=== TASK OBJECTIVE ===
Below are the records; collect from them each line containing the string "part".

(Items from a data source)
□ □ □ □ □

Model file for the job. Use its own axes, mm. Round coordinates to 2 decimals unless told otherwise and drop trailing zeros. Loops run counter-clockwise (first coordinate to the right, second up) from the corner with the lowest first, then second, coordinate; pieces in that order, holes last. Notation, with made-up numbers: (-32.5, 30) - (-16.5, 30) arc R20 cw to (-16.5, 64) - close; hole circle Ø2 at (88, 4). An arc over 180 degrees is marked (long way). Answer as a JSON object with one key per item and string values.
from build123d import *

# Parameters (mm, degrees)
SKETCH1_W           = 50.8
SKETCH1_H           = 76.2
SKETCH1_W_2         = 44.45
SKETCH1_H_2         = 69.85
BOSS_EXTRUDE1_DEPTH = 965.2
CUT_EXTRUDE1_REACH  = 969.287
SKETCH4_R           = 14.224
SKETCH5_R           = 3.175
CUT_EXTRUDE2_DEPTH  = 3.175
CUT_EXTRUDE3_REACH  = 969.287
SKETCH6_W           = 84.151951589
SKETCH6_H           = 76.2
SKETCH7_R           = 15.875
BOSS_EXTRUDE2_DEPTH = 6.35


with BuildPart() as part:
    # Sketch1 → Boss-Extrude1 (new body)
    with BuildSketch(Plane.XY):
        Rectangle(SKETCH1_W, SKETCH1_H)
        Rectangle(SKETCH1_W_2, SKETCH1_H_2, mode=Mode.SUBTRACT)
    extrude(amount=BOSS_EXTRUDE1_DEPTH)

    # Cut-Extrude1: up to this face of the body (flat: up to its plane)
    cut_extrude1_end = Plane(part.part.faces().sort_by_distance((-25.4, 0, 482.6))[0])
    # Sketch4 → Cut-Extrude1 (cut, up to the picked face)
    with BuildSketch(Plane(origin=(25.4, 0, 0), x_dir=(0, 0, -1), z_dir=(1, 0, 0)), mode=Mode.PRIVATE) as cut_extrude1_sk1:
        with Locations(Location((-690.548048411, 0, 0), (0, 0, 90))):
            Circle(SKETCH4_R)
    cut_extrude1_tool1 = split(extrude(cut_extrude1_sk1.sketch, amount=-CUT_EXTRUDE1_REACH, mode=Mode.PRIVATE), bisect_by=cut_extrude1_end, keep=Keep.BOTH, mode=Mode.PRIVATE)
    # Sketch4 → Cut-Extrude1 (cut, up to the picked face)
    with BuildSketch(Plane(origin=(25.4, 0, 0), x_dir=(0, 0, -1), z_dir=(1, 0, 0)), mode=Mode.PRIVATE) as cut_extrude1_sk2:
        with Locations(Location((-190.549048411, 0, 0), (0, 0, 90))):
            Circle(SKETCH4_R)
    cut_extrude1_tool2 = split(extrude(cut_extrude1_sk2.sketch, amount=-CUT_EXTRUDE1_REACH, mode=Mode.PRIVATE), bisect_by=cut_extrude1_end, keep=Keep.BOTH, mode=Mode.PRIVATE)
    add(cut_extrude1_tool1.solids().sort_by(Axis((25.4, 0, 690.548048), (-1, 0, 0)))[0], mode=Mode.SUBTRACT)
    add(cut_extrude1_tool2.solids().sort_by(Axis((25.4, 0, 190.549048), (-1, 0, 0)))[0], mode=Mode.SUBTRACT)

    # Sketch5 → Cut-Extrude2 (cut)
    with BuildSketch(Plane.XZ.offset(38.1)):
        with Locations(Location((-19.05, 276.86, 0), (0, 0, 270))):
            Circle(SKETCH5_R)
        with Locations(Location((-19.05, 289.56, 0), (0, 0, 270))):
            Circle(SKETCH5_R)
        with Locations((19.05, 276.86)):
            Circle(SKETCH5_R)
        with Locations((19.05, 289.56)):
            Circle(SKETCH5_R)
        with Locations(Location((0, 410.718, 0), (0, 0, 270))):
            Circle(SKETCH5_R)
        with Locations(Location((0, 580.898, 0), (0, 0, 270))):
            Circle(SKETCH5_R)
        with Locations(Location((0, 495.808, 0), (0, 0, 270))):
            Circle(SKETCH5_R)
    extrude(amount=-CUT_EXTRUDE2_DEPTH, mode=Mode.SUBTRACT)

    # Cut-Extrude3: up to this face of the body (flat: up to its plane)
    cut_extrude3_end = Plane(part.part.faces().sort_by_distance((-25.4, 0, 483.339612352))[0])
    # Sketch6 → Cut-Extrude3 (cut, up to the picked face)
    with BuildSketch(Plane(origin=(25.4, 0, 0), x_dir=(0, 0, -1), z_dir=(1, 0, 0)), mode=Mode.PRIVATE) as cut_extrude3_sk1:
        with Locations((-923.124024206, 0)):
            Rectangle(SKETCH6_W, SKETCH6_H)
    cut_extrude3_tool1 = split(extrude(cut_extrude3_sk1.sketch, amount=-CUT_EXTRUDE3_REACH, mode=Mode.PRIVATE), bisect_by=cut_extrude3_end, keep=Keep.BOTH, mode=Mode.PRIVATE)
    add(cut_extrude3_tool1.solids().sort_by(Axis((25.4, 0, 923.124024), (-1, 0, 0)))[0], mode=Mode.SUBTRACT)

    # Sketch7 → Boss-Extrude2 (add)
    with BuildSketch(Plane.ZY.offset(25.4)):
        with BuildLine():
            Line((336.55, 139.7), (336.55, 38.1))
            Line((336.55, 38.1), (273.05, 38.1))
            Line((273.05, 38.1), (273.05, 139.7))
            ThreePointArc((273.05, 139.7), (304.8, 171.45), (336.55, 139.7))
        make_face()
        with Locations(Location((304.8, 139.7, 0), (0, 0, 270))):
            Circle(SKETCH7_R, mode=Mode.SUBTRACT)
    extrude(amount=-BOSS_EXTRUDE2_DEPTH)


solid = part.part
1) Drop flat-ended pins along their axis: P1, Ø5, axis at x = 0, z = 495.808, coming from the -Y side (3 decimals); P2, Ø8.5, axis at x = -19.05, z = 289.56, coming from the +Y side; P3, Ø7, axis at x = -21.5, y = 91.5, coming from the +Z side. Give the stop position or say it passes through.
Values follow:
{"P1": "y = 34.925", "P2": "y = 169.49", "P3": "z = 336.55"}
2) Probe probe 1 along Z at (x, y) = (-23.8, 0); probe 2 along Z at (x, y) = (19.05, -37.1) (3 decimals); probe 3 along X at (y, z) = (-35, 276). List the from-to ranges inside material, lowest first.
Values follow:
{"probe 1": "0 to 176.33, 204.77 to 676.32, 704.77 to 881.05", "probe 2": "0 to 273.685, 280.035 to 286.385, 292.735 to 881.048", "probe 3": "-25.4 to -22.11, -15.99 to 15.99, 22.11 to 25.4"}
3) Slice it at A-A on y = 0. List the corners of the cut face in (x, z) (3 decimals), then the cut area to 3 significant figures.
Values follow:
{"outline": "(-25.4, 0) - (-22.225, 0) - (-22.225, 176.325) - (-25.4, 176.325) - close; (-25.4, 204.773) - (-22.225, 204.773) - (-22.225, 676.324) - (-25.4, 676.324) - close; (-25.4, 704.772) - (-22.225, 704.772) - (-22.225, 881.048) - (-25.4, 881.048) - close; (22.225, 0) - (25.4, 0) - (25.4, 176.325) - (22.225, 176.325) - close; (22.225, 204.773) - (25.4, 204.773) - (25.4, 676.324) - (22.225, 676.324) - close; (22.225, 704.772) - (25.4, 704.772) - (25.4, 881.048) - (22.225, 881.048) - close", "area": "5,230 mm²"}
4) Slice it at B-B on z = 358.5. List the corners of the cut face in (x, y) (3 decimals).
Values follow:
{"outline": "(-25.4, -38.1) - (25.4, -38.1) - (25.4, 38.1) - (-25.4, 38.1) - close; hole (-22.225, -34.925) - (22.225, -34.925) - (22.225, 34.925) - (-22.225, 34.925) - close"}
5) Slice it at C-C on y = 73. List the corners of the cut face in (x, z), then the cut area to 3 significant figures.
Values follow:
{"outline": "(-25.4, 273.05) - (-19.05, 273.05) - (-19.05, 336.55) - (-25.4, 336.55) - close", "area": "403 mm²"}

□ □ □ □ □

=== EXERCISE RESPONSE ===
with BuildPart() as part:
    cut_extrude1_end = Plane(part.part.faces().sort_by_distance((-25.4, 0, 482.6))[0])
    cut_extrude3_end = Plane(part.part.faces().sort_by_distance((-25.4, 0, 483.339612352))[0])
solid = part.part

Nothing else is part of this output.